Data items:
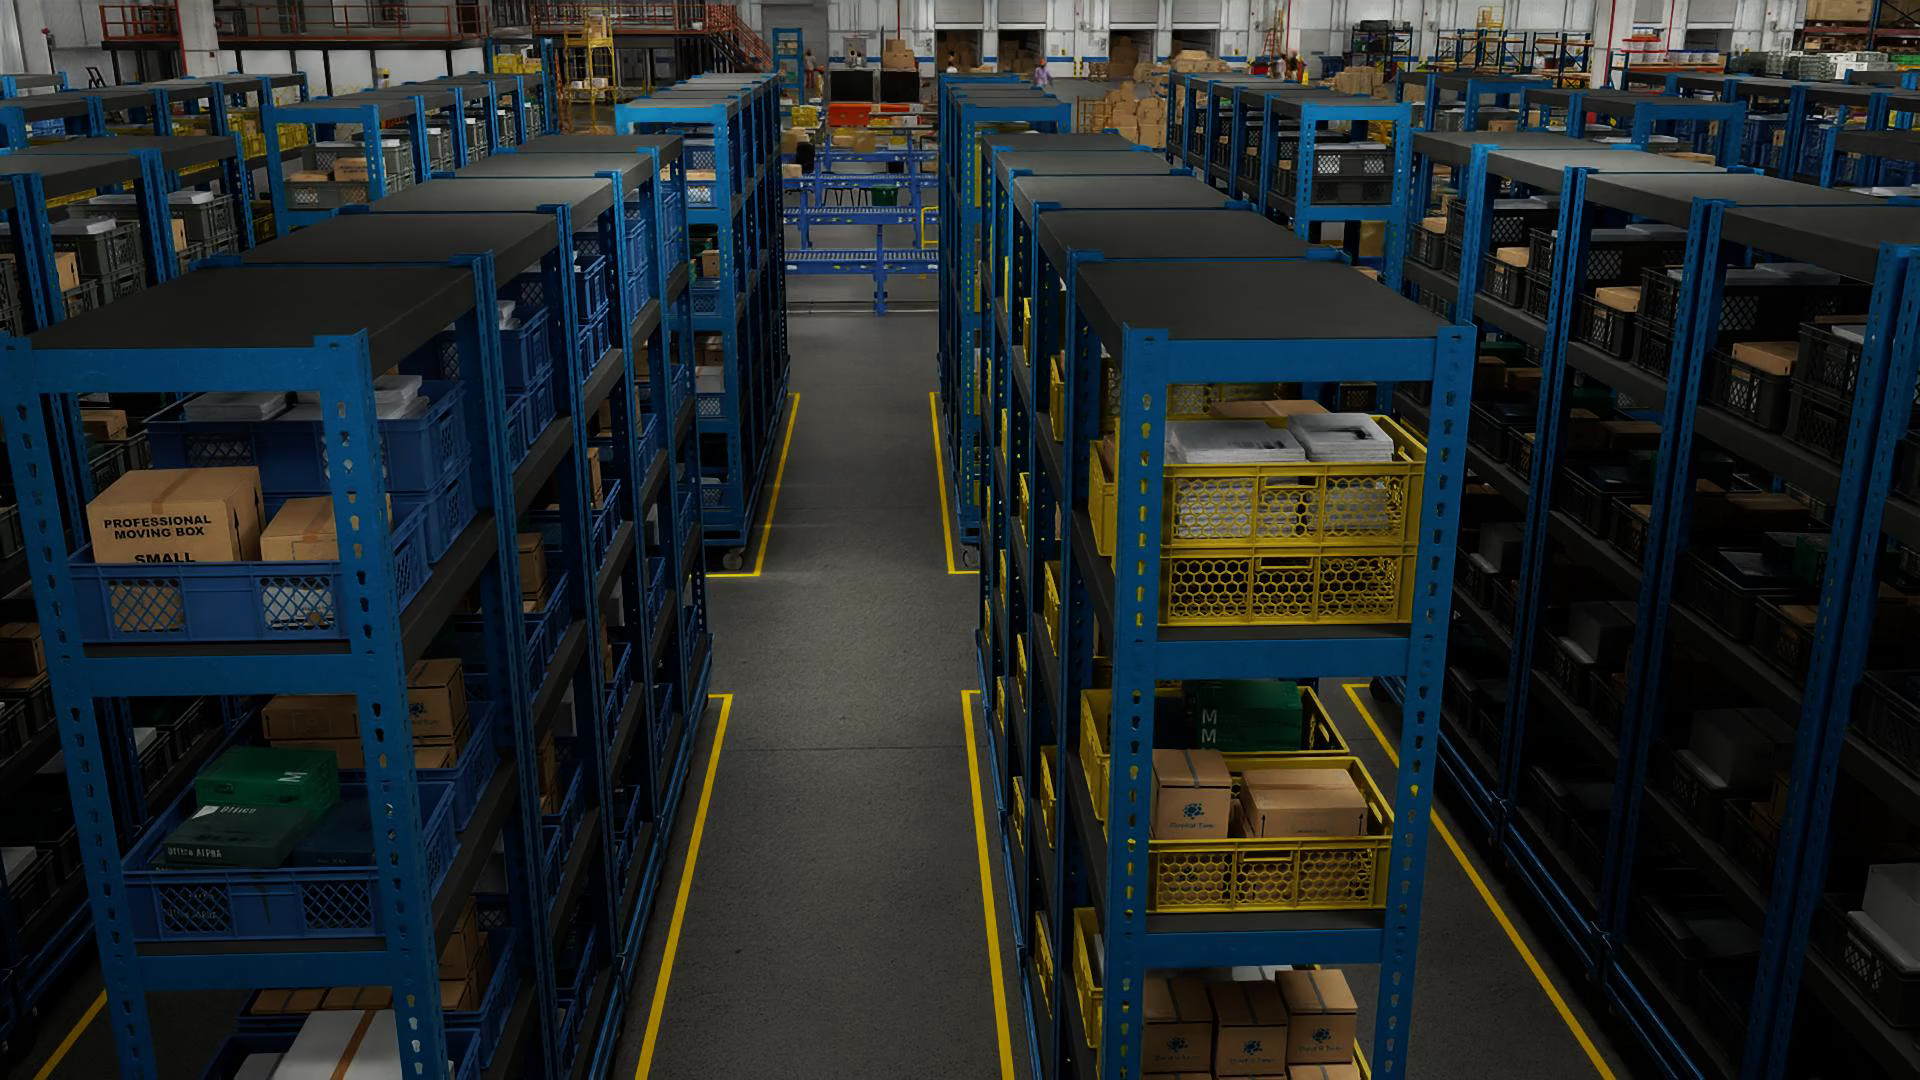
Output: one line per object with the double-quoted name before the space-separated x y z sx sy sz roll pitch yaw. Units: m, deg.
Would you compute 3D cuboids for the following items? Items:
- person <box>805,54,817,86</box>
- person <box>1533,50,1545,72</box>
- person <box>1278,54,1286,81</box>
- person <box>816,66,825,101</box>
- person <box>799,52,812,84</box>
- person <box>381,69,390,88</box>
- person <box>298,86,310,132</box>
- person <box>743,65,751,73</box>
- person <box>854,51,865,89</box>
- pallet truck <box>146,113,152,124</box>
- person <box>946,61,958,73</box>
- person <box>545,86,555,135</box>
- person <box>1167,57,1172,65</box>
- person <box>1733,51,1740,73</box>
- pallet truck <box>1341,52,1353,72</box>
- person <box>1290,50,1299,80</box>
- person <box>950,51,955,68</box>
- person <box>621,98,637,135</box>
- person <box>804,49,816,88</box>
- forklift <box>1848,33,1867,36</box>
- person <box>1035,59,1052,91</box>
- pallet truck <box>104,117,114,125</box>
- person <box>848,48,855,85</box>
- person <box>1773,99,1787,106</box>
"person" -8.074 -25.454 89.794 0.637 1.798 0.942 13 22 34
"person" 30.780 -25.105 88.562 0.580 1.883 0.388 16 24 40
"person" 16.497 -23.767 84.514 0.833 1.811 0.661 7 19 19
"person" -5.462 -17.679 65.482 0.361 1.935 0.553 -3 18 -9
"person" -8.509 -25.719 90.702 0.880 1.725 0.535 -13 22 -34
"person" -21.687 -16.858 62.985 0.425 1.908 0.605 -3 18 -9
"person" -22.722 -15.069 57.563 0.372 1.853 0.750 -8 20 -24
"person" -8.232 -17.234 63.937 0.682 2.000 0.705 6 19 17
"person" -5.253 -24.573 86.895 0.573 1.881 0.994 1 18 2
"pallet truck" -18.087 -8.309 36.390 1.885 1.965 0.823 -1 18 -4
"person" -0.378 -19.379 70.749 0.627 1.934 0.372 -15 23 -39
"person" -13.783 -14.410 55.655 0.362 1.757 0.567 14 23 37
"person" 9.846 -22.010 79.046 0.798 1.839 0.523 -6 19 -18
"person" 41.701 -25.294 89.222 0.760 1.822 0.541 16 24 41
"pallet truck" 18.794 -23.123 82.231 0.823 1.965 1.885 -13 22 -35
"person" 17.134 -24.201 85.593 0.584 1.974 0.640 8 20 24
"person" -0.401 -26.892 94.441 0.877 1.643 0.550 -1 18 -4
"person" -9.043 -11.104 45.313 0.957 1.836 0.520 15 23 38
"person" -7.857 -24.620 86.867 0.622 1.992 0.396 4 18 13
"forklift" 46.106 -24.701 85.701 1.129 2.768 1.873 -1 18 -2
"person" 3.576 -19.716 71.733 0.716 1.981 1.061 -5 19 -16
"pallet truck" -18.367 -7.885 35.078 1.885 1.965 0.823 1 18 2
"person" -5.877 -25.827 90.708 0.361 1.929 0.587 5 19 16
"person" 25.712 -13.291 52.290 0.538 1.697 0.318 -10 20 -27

*Your task*: Would you copy every entry exactly as it stands, leaving out the pictures?

*Exercise output*:
Output: one line per object with the double-quoted name before the space-separated x y z sx sy sz roll pitch yaw. Units: m, deg.
Would you compute 3D cuboids for the following items? Items:
- person <box>805,54,817,86</box>
- person <box>1533,50,1545,72</box>
- person <box>1278,54,1286,81</box>
- person <box>816,66,825,101</box>
- person <box>799,52,812,84</box>
- person <box>381,69,390,88</box>
- person <box>298,86,310,132</box>
- person <box>743,65,751,73</box>
- person <box>854,51,865,89</box>
- pallet truck <box>146,113,152,124</box>
- person <box>946,61,958,73</box>
- person <box>545,86,555,135</box>
- person <box>1167,57,1172,65</box>
- person <box>1733,51,1740,73</box>
- pallet truck <box>1341,52,1353,72</box>
- person <box>1290,50,1299,80</box>
- person <box>950,51,955,68</box>
- person <box>621,98,637,135</box>
- person <box>804,49,816,88</box>
- forklift <box>1848,33,1867,36</box>
- person <box>1035,59,1052,91</box>
- pallet truck <box>104,117,114,125</box>
- person <box>848,48,855,85</box>
- person <box>1773,99,1787,106</box>
"person" -8.074 -25.454 89.794 0.637 1.798 0.942 13 22 34
"person" 30.780 -25.105 88.562 0.580 1.883 0.388 16 24 40
"person" 16.497 -23.767 84.514 0.833 1.811 0.661 7 19 19
"person" -5.462 -17.679 65.482 0.361 1.935 0.553 -3 18 -9
"person" -8.509 -25.719 90.702 0.880 1.725 0.535 -13 22 -34
"person" -21.687 -16.858 62.985 0.425 1.908 0.605 -3 18 -9
"person" -22.722 -15.069 57.563 0.372 1.853 0.750 -8 20 -24
"person" -8.232 -17.234 63.937 0.682 2.000 0.705 6 19 17
"person" -5.253 -24.573 86.895 0.573 1.881 0.994 1 18 2
"pallet truck" -18.087 -8.309 36.390 1.885 1.965 0.823 -1 18 -4
"person" -0.378 -19.379 70.749 0.627 1.934 0.372 -15 23 -39
"person" -13.783 -14.410 55.655 0.362 1.757 0.567 14 23 37
"person" 9.846 -22.010 79.046 0.798 1.839 0.523 -6 19 -18
"person" 41.701 -25.294 89.222 0.760 1.822 0.541 16 24 41
"pallet truck" 18.794 -23.123 82.231 0.823 1.965 1.885 -13 22 -35
"person" 17.134 -24.201 85.593 0.584 1.974 0.640 8 20 24
"person" -0.401 -26.892 94.441 0.877 1.643 0.550 -1 18 -4
"person" -9.043 -11.104 45.313 0.957 1.836 0.520 15 23 38
"person" -7.857 -24.620 86.867 0.622 1.992 0.396 4 18 13
"forklift" 46.106 -24.701 85.701 1.129 2.768 1.873 -1 18 -2
"person" 3.576 -19.716 71.733 0.716 1.981 1.061 -5 19 -16
"pallet truck" -18.367 -7.885 35.078 1.885 1.965 0.823 1 18 2
"person" -5.877 -25.827 90.708 0.361 1.929 0.587 5 19 16
"person" 25.712 -13.291 52.290 0.538 1.697 0.318 -10 20 -27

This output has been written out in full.